Il reprit presque aussitôt d’un ton tout autre, car la raison lui revenait :

— Au fait, on ne tue pas les gens en pleine foire. Voici des témoins ! Mes amis, vous avez été à mon service. Bonsoir, Senevo, matelot… hé, hé ! nous sommes de bien vieux camarades, nous deux. Je ferai quelque chose pour toi… pour vous tous. Je suis bien plus riche encore que vous ne le croyez, mes enfants.

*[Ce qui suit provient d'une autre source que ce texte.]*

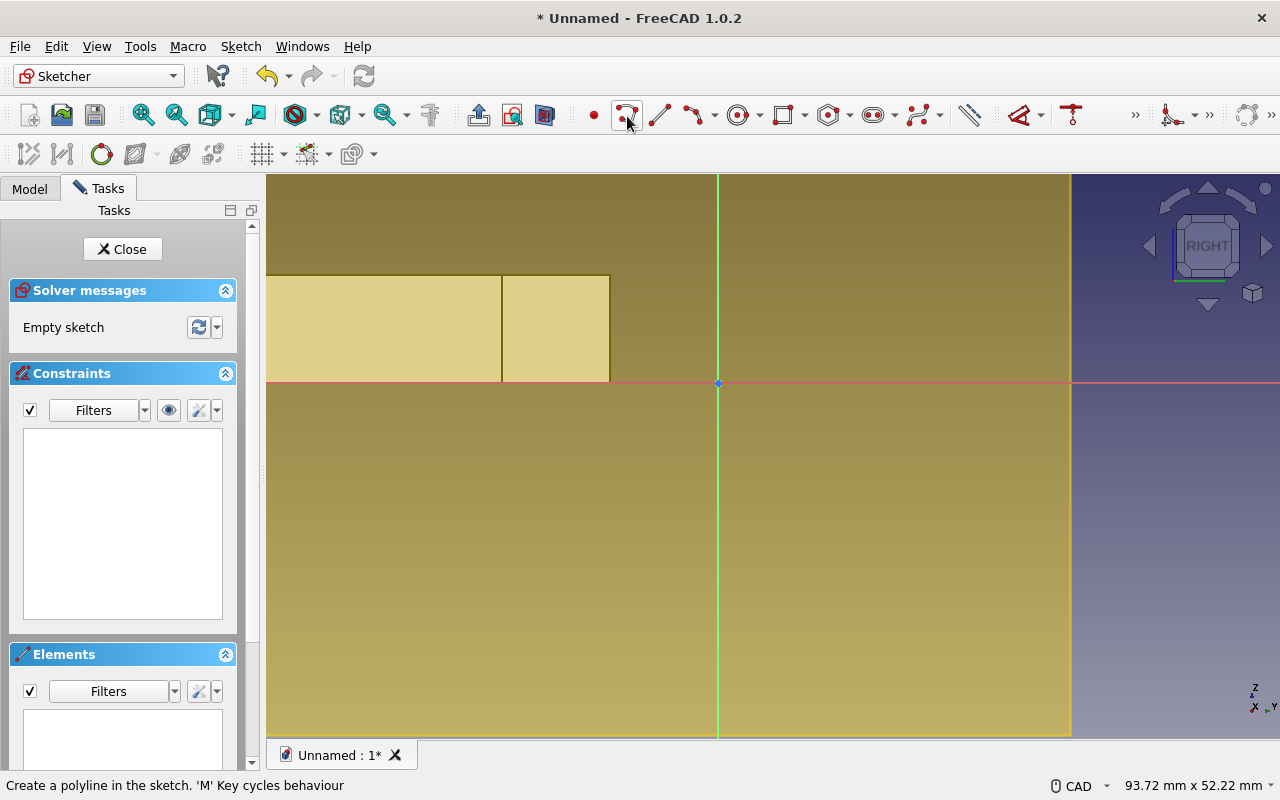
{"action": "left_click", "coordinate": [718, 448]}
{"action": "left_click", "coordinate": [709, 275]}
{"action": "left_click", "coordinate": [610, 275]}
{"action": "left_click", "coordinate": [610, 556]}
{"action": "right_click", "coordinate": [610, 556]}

À vous revoir, à vous revoir : il est l’heure de rentrer chacun chez soi, allons-nous-en.

Je n’avais pas encore parlé.

— Restez ! prononçais-je d’une voix impérieuse.

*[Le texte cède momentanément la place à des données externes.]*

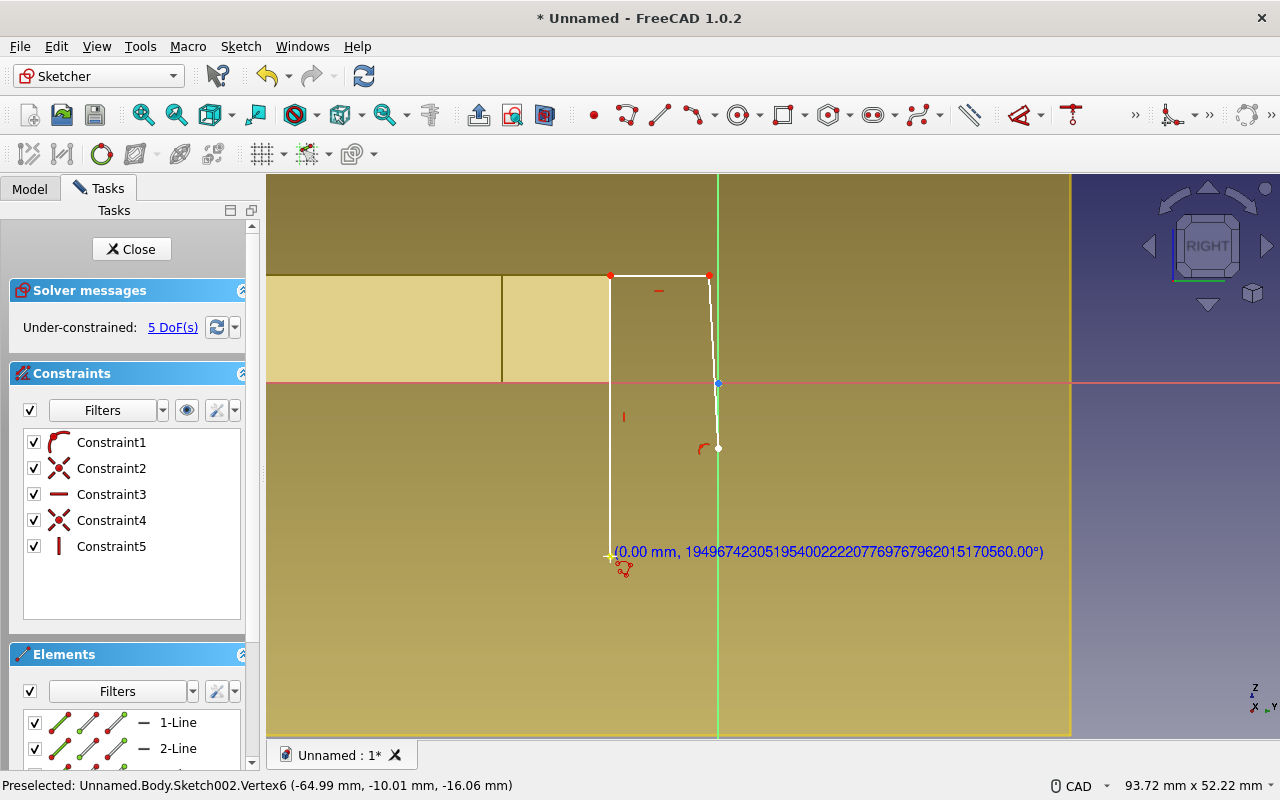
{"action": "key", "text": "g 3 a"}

Il s’arrêta, mais il me demanda, en tâchant de garder son calme :

— De quel droit m’arrêtez-vous, monsieur Corbière ;

— Vous avec dit le mot, répliquai-je ; je vous arrête, monsieur Bruant, comme un gendarme prend un malfaiteur au collet !

Son accès faisait trêve et laissait renaître à vue d’œil son effronterie naturelle. Quant à moi, j’ai dit quelle était mon impuissance ; depuis mon arrivée à Lorient, aucun fait nouveau ne s’était produit qui pût me mettre une arme meilleure dans la main, et pourtant j’étais poussé en avant par une force invincible.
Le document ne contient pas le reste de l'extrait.